── SUPPLIED RECORDS

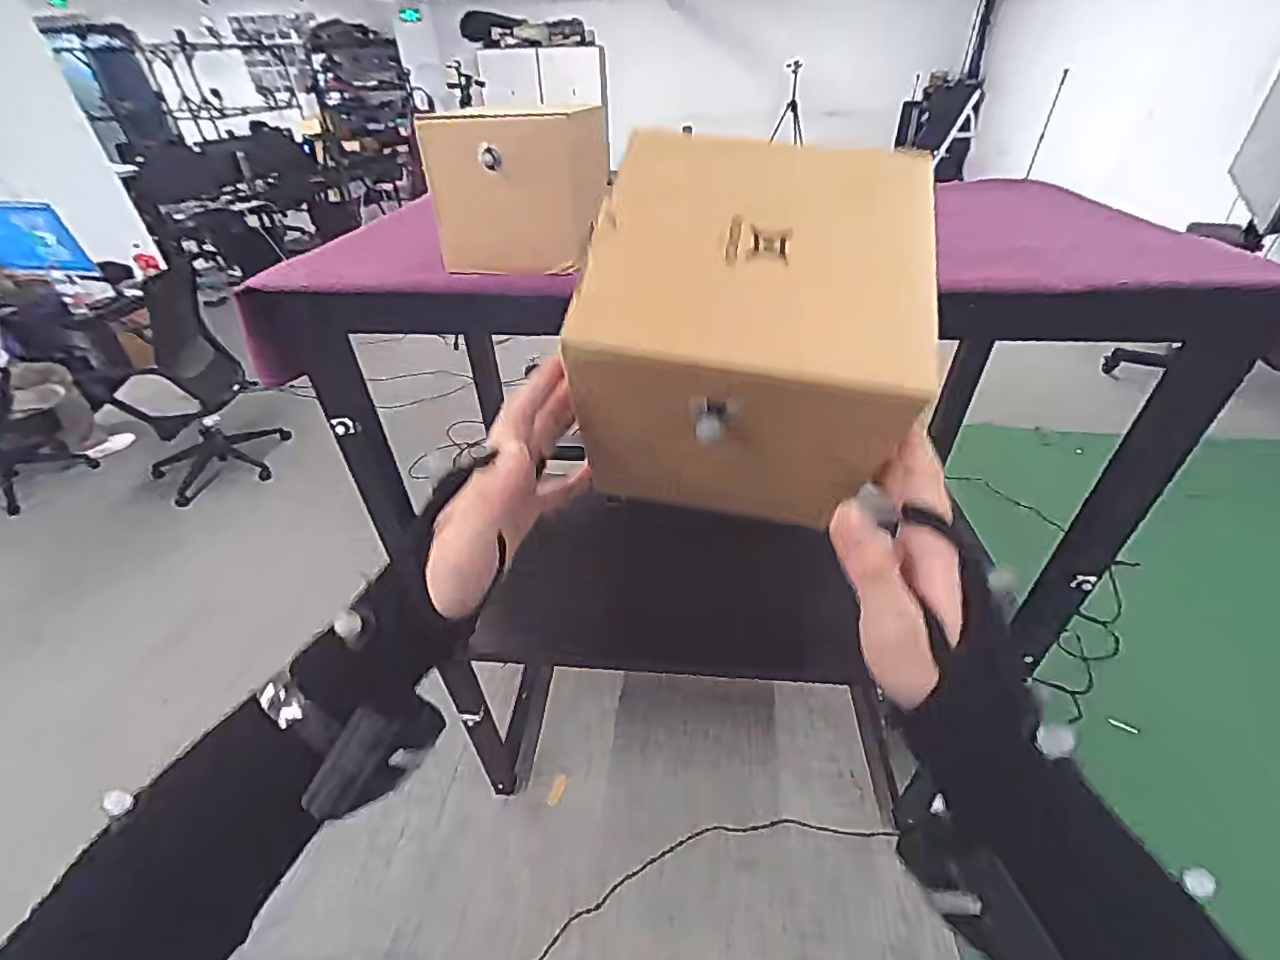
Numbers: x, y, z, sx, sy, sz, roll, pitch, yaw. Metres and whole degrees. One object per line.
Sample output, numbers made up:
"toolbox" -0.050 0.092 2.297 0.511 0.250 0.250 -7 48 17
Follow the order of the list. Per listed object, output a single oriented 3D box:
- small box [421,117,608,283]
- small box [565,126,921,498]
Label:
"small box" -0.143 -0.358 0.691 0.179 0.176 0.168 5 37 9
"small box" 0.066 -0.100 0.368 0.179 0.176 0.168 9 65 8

────
── SUPPLIED RECORDS

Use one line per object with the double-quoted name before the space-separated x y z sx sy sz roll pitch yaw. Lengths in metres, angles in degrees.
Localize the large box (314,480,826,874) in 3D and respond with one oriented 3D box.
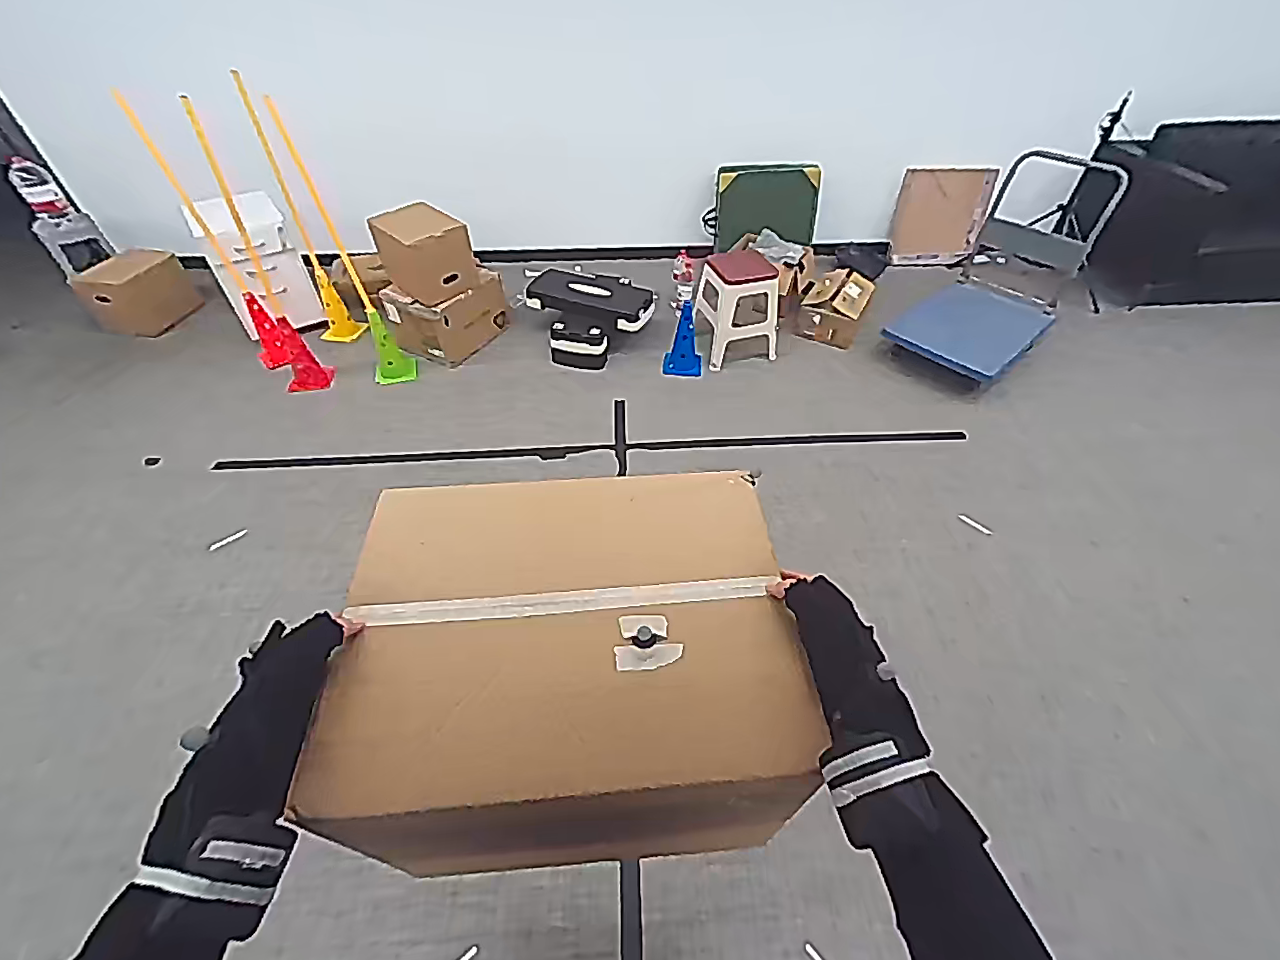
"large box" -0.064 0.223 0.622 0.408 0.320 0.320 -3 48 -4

────

▶ [PROBLEM DETAILS]: Where a line of the records contains the word "object", count it; state only the final tally.

▶ [ANSWER AREA]: 3